DBHi supports the analysis of expression array data from multiple manufacturers and technologies. In addition to providing outputs from appropriate multivariate statistical tests and visualizations, the Bioinformatics group has an extensive toolset to analyze markers and copy number.

  • Normalization and summarization of array data
  • Significance Testing identify differential expression
  • Predictive modeling and classification
  • Pathway and ontology enrichment

Bioinformatic analysis is often considered from the perspective of a single platform analysis such as RNA-seq, WGS, arrays, etc. However, the true power of computation is when multiple approaches are used to attack a problem from multiple angles. A simple example is complementing WGS with RNA-seq; this approach can identify a variant/mutation and consequences simultaneously.

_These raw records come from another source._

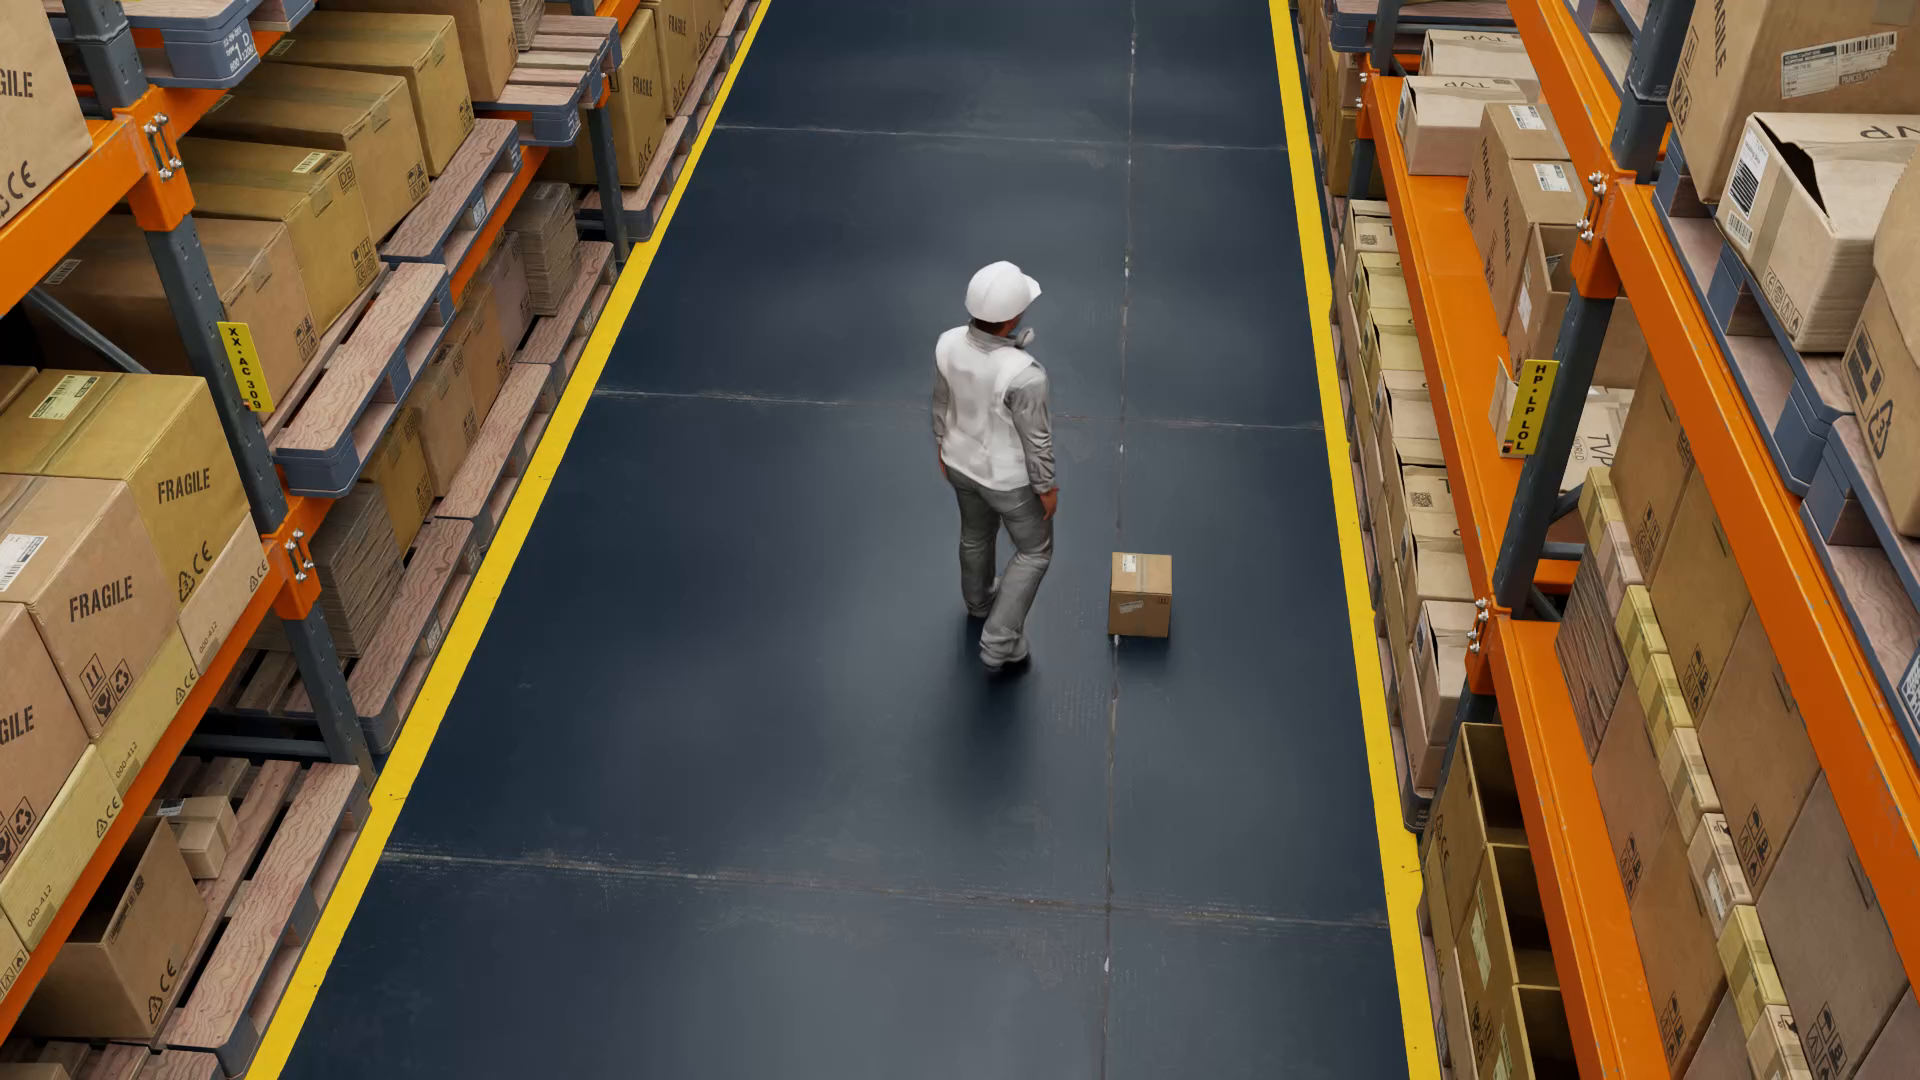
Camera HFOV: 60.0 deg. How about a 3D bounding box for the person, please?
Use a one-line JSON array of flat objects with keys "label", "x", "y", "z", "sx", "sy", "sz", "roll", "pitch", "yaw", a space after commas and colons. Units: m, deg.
[{"label": "person", "x": 0.146, "y": -0.305, "z": 6.496, "sx": 0.575, "sy": 1.773, "sz": 0.586, "roll": 29, "pitch": 48, "yaw": 30}]
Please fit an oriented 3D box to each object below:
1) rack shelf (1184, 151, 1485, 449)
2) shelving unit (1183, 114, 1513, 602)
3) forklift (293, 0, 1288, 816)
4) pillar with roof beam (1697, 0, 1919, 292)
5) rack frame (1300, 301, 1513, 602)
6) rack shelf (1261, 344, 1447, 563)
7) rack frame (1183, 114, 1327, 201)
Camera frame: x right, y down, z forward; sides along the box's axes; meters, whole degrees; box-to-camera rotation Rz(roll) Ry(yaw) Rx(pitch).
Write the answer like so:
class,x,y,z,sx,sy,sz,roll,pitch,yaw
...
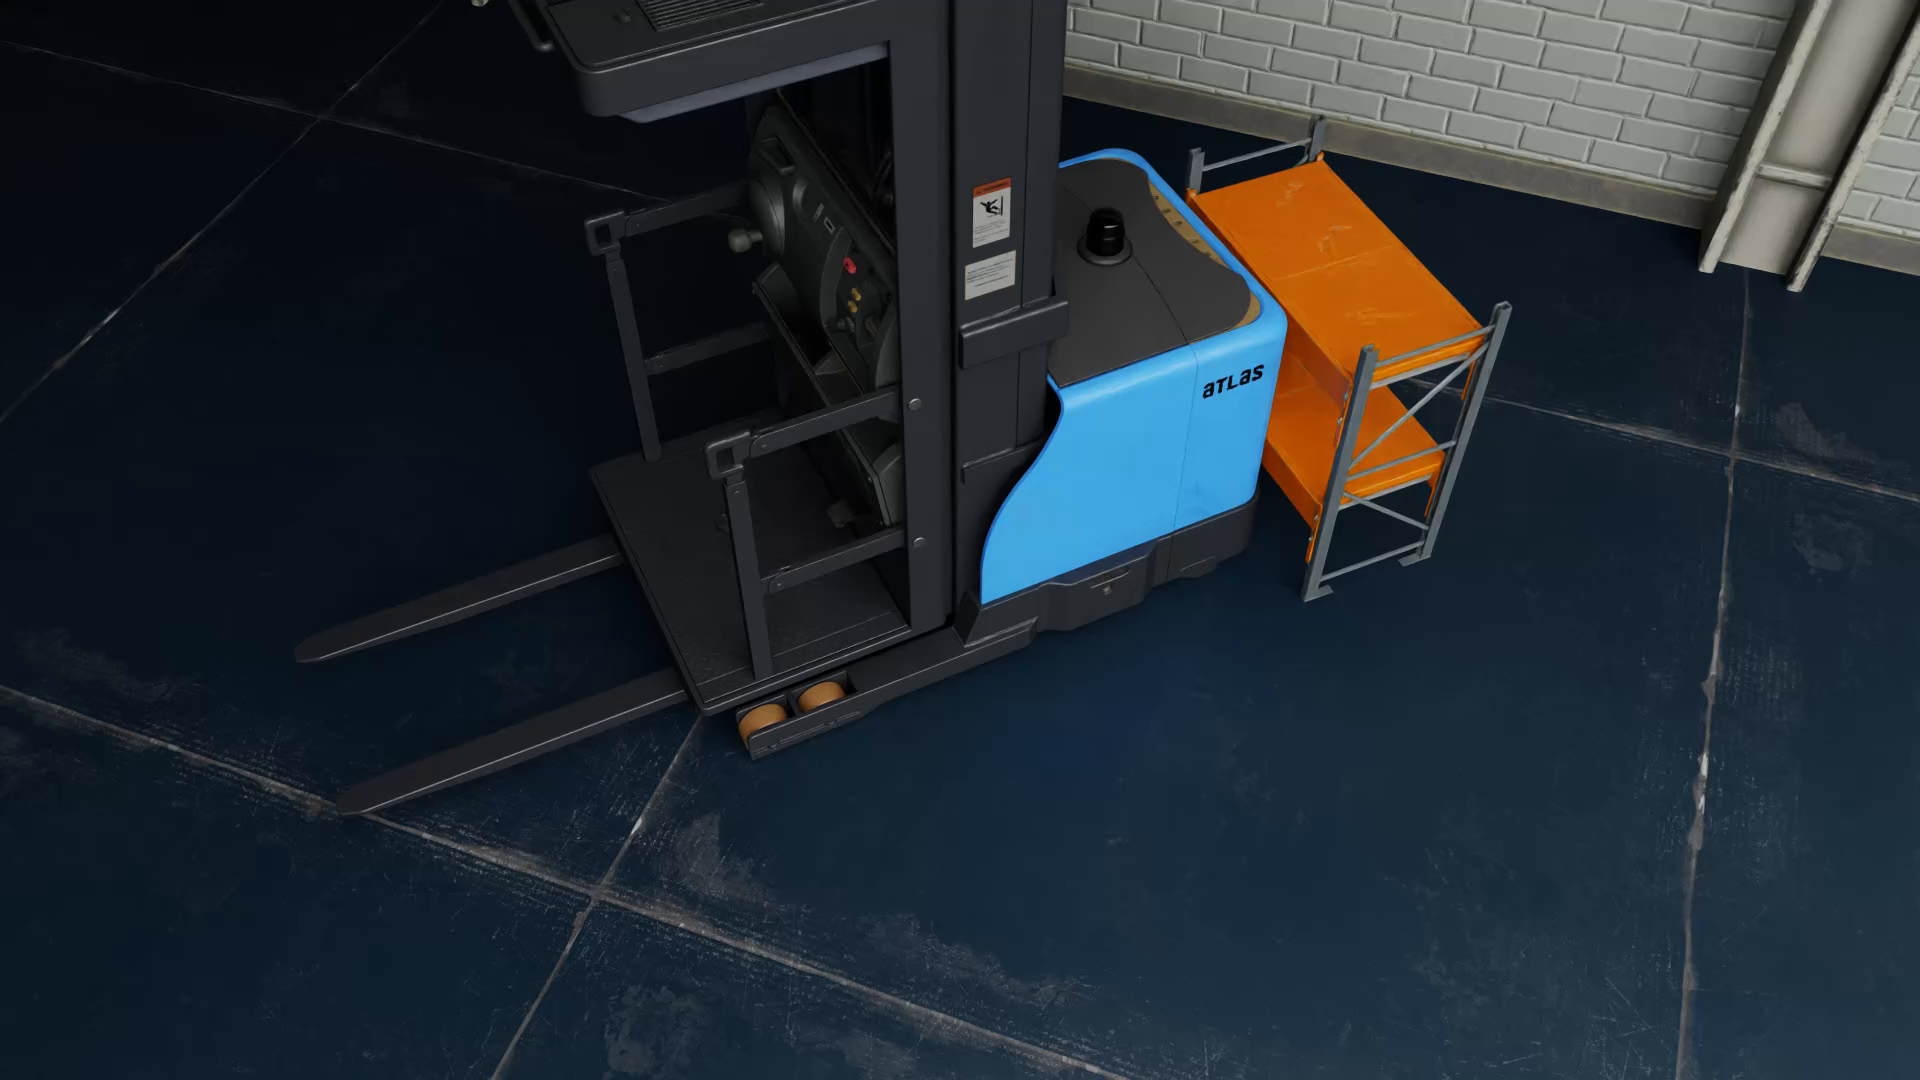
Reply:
class,x,y,z,sx,sy,sz,roll,pitch,yaw
rack shelf,1.174,-0.789,5.302,0.538,0.278,1.000,-18,52,-15
shelving unit,1.174,-0.597,5.523,0.538,1.125,1.048,-18,52,-15
forklift,-0.564,-0.752,4.462,3.031,2.935,1.130,-20,52,-17
pillar with roof beam,1.714,-1.038,0.695,0.400,9.000,9.100,16,51,13
rack frame,1.377,-0.246,5.218,0.500,1.125,0.032,-18,52,-15
rack shelf,1.173,-0.437,5.708,0.538,0.278,1.000,-18,52,-15
rack frame,0.970,-0.949,5.828,0.500,1.125,0.032,-18,52,-15

  • Expertise in parallelized study design and statistical analyses
  • Expertise in platform data integration and analyses
  • Experience in working with consortia and multi-group projects

After most bioinformatics analyses, it is often useful to do context-specific analyses to identify pathways and functions related to the genes and/or markers associated with the experiment. The Bioinformatics group has tools to enhance knowledge of molecular pathways and gene function to provide both a statistical and biological basis of significance, and applies those tools to identify robust biomarkers of pediatric disease.

  • CHOP researcher license availability for bioinformatics packages and tools such as Ingenuity Pathway Analysis (IPA) and Metacore
  • Expertise in analysis of systems biology networks
  • Machine learning and other statistical approaches to classify pathways, experimental biomarkers, etc.

The Bioinformatics group provides quantification of phenotype similarity for analyzing complex disease cohorts and metabolomics modeling linking gene expression levels to metabolics errors and consequent diseases.

  • FBA

The Bioinformatics group creates custom scientific websites, pipelines, software package and methods development. They also develop intra- and internet interfaces for scientific data delivery and exploration, such as through customization of ready-made interfaces (R Shiny) or through developing new websites or portals.